Below are the entries; output exactly the lines from the one containing "(roll, pitch, yaw))" through the final line, inclusive.

RECORD EXTRACTS
────────────────────

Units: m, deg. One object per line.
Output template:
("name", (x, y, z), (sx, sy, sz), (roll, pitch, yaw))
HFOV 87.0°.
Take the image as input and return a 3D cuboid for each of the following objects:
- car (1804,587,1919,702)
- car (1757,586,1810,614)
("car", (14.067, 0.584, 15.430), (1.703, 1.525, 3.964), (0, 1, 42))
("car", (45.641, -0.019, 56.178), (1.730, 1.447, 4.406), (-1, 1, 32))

────────────────────

SOLUTION FOR THIS TASK
("name", (x, y, z), (sx, sy, sz), (roll, pitch, yaw))
HFOV 87.0°.
Take the image as input and return a 3D cuboid for each of the following objects:
- car (1804,587,1919,702)
- car (1757,586,1810,614)
("car", (14.067, 0.584, 15.430), (1.703, 1.525, 3.964), (0, 1, 42))
("car", (45.641, -0.019, 56.178), (1.730, 1.447, 4.406), (-1, 1, 32))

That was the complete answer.